Early access to financial data can mean big profits. Imagine if you could learn the quarterly financial results of a company or macroeconomic statistical data before everyone else? Foreknowledge of the results means being able to take a position before the market moves as a result to everyone else becoming similarly informed. Until now, it took having a white-shoe country-club membership or buddies that hang out at the Eccles building in Washington, DC. What if all it took was a web browser?
At least one financial-sector news organization is now obtaining and publicizing financial reports prior to their official release, utilizing a technique used for website content enumeration originally pioneered by security testers and attackers. As an artifact of the (bad) design decisions made in the development of many CMS(Content Management Systems) and of the processes used by the organizations deploying such systems, a confluence of factors leads to unintended information exposure through enumeration within a limited time window. Later, the information exposure just becomes intended information release.
Mashable recently published a story about a financial reporting and analytics firm, Selerity, using these simple but too-often effective techniques to retrieve and publish Twitter’s earnings report prior to its official release.
Some relevant definitions:
- Frontrunning is the the practice of dealing on advance information provided by insiders before their clients or the public have been given the information. While it’s generally illegal, public information that is being further distributed publicly doesn’t fit the criteria set by the Securities Exchange Act, the Investment Company Act, and related rules. The CFAA as currently interpreted, that’s a trickier question.
- Forced browsing is an attack where the aim is to enumerate and access resources that are not referenced by the application, but are still accessible.
Once investors learned the reality of Twitter’s earnings report, its stock dove 18%. The Mashable article reported,
Although the company managed to briefly halt trading, and says that it is investigating the source of its leak, it seems likely that what happened was bad information management on Twitter’s part. On its earnings call with investors, Twitter made sure to put the onus of the blame for the situation on the Nasdaq-owned Shareholder.com, the company it pays to maintain its investor relations page.
Selerity maintains that it didn’t hack into anything; it simply found the information on Twitter’s own public investor relations website.
Predictability is a problem that plagues many systems, in many forms. I discussed some in the FuzzDB docs:
Software standardization means that predictable resource locations are the norm. Platforms like IIS, Cold Fusion, and Apache Tomcat store files that are known to leak information about system configuration in predictable places. Because of the popularity of a small number of package managers, log, configuration, and password files for popular software platforms are likely to be stored in a small number of places. Lists of platform-categorized web scripts that have been mentioned in a vulnerability database, lists of login page names from popular applications, all known compressed file type extensions, and countless other data elements on can be leveraged to turn “brute force” into a highly targeted discovery tool.

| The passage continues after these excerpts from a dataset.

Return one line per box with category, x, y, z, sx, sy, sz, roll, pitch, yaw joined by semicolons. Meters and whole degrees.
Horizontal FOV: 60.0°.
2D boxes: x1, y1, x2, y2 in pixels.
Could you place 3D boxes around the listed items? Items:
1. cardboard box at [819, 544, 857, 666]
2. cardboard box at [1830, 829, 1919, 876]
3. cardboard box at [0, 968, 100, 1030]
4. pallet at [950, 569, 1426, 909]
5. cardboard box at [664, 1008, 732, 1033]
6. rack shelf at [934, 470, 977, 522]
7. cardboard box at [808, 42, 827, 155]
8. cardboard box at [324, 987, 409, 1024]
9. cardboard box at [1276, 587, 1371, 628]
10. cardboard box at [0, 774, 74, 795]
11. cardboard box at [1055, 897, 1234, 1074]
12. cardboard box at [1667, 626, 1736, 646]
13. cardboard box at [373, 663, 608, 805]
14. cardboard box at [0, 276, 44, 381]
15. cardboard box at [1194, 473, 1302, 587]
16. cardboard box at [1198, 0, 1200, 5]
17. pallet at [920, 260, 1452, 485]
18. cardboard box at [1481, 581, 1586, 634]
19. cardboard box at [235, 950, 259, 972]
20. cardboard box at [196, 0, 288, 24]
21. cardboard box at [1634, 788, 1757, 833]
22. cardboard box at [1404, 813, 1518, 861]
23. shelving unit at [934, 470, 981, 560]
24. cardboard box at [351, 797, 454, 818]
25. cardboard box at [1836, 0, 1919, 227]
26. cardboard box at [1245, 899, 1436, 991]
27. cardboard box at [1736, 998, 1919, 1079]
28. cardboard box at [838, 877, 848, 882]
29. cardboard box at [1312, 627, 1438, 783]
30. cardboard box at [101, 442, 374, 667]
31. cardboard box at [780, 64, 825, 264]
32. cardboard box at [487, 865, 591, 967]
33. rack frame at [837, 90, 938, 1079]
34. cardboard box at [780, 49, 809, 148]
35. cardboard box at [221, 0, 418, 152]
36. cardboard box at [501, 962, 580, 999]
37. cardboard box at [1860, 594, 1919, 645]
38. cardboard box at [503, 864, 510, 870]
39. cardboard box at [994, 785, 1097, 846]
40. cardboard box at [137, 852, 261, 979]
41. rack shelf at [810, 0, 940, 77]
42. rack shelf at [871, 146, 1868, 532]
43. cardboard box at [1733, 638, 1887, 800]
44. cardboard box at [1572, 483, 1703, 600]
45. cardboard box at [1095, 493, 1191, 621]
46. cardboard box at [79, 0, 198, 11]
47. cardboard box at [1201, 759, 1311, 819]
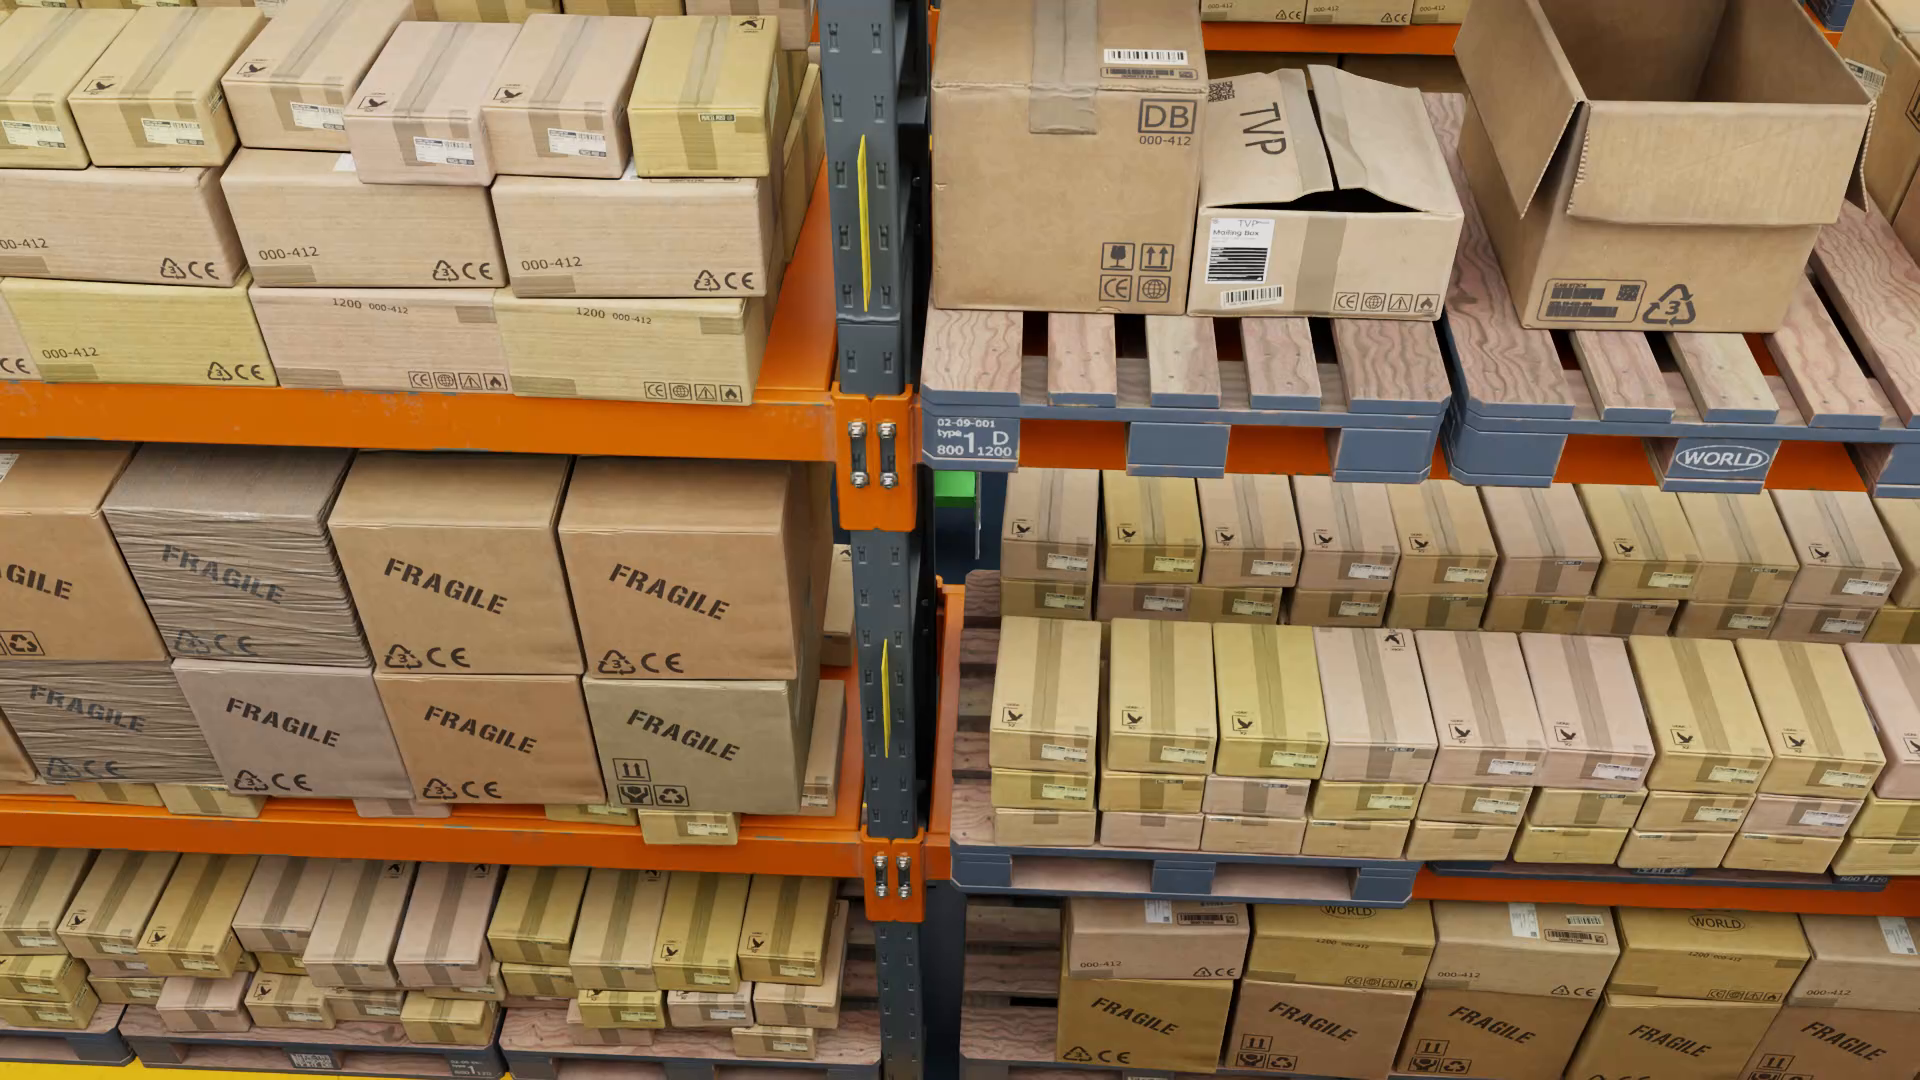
cardboard box;-0.429;0.190;5.030;0.250;0.149;0.380;3;43;3
cardboard box;2.299;0.655;4.223;0.250;0.149;0.380;0;43;0
cardboard box;-2.883;1.368;5.364;0.250;0.149;0.380;2;43;2
pallet;0.596;0.522;4.630;1.213;0.211;1.003;2;43;2
cardboard box;-0.823;1.374;5.358;0.250;0.149;0.380;3;43;3
rack shelf;-0.165;-0.222;7.054;0.480;0.148;0.258;2;43;2
cardboard box;-0.661;-2.353;9.147;0.875;0.438;0.875;1;43;1
cardboard box;-1.859;1.353;5.380;0.250;0.149;0.380;3;43;3
cardboard box;1.004;0.170;4.743;0.250;0.149;0.380;0;43;0
cardboard box;-2.545;0.523;4.673;0.250;0.149;0.380;1;43;1
cardboard box;0.566;1.294;5.186;0.500;0.500;0.500;3;43;4
cardboard box;2.073;0.200;4.711;0.250;0.149;0.380;2;43;2
cardboard box;-1.175;0.345;4.388;0.500;0.500;0.500;1;43;1
cardboard box;-2.163;-0.599;3.602;0.500;0.250;0.500;2;43;2
cardboard box;0.776;-0.054;4.547;0.250;0.149;0.380;0;43;1
cardboard box;0.906;-2.781;8.145;0.500;0.250;0.500;1;43;1
pallet;0.451;-0.608;3.639;1.003;0.211;1.213;2;43;2
cardboard box;1.563;0.075;4.627;0.250;0.149;0.380;2;43;2
cardboard box;-2.332;1.178;5.350;0.250;0.149;0.380;4;43;4
cardboard box;-1.481;-1.249;3.640;0.250;0.149;0.380;1;43;1
cardboard box;1.775;0.531;4.138;0.250;0.149;0.380;1;43;1
cardboard box;1.244;0.624;4.256;0.250;0.149;0.380;0;43;0
shelving unit;-0.165;-0.444;6.846;0.503;1.200;0.258;2;43;2
cardboard box;-1.512;0.577;4.614;0.250;0.149;0.380;0;43;0
cardboard box;2.277;-0.903;3.745;0.500;0.500;0.500;2;43;2
cardboard box;1.098;1.033;4.916;0.500;0.250;0.500;3;43;3
cardboard box;2.648;1.353;5.123;0.500;0.500;0.500;3;43;4
cardboard box;-0.510;0.989;5.771;0.250;0.149;0.380;0;43;0
cardboard box;0.996;0.399;4.061;0.250;0.149;0.380;1;43;1
cardboard box;-1.670;-0.050;4.078;0.500;0.500;0.500;3;43;3
cardboard box;-0.611;-0.907;3.933;0.500;0.250;0.500;4;43;4
cardboard box;-1.289;1.123;5.191;0.250;0.149;0.380;3;43;3
rack frame;-0.161;0.330;4.696;0.127;3.000;1.000;2;43;2
cardboard box;-0.630;-1.074;3.745;0.500;0.250;0.500;3;43;3
cardboard box;-1.253;-0.934;3.302;0.250;0.149;0.380;3;43;3
cardboard box;-1.275;1.246;5.277;0.250;0.149;0.380;2;43;2
cardboard box;2.572;0.110;4.589;0.250;0.149;0.380;2;43;2
cardboard box;-1.553;0.917;5.630;0.250;0.149;0.380;4;43;4
cardboard box;0.212;0.593;4.289;0.250;0.149;0.380;0;43;0
cardboard box;-2.333;1.153;5.159;0.250;0.149;0.380;2;43;3
rack shelf;-2.036;-2.842;8.628;4.000;0.370;1.077;2;43;2
rack shelf;1.837;-0.443;3.853;4.000;0.370;1.077;2;43;2
cardboard box;2.033;0.429;4.029;0.250;0.149;0.380;4;43;4
cardboard box;1.820;-0.023;4.513;0.250;0.149;0.380;1;43;1
cardboard box;0.509;0.044;4.660;0.250;0.149;0.380;2;43;2
cardboard box;-1.751;-1.289;3.683;0.250;0.149;0.380;4;43;4
cardboard box;0.729;0.498;4.172;0.250;0.149;0.380;3;43;3

It’s just as commonly a problem for the file or other resource names and HTTP request data formats chosen for website resources. In a nutshell, Shareholder.com has a CMS system which loads content in advance but doesn’t turn on the link to it until the appropriate time. Since as the Mashable article explained the information request format was predictable, all it took was making the request after the data had been loaded but before the link was published in order to find the earnings reports sooner.

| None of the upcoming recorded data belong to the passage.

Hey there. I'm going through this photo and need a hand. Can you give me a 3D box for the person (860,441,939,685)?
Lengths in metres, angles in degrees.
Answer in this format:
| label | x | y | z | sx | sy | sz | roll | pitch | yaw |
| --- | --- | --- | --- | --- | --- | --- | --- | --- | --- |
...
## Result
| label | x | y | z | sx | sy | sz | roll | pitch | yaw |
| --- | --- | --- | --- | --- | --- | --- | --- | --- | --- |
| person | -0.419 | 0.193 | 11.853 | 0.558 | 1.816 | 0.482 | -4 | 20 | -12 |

I have to admit, I’ve thought about doing this before with a job scheduler, some shellscripts wrapping wget, and monitoring the results for HTTP 200 success responses. Which leads me to conclude that if Selerity is doing this and publishing their results, so there must be 100 or 1000 others doing it and keeping their results to themselves.
How do you defend against this?
Anti-automation controls are relatively easy to bypass and single-use hashes that are returned by a script can be gathered with automation and replayed into a subsequent request.

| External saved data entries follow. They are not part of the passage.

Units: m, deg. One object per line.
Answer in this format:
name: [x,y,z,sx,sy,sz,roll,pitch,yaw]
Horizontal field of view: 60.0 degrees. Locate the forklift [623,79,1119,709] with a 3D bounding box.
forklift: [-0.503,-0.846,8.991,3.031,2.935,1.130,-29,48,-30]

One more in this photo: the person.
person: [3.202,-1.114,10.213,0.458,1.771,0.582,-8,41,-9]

The only solution is to apply the control to the closest point possible – don’t load the data until the embargo time is up. If it’s not there, it can’t be retrieved.
But first, threat model your applications. Think about the data you’re seeking to protect, understand who it might have value to and why, and based on the risk you’re willing to accept and how the tradeoffs align, describe protections like the one described in to the application or business process. Doing this well takes knowledge of how systems are attacked. Without that knowledge, it’s too easy to design ineffective controls.
0. Thought about it, but ultimately decided against it due to the interpretation of and open questions about the CFAA in the case of Andrew “Weev” Aurenheimer, particularly the conflation of Brute forcing open access data and unauthorized access by the courts. The upside is good, but the risk of being another CFAA test case is not worth it.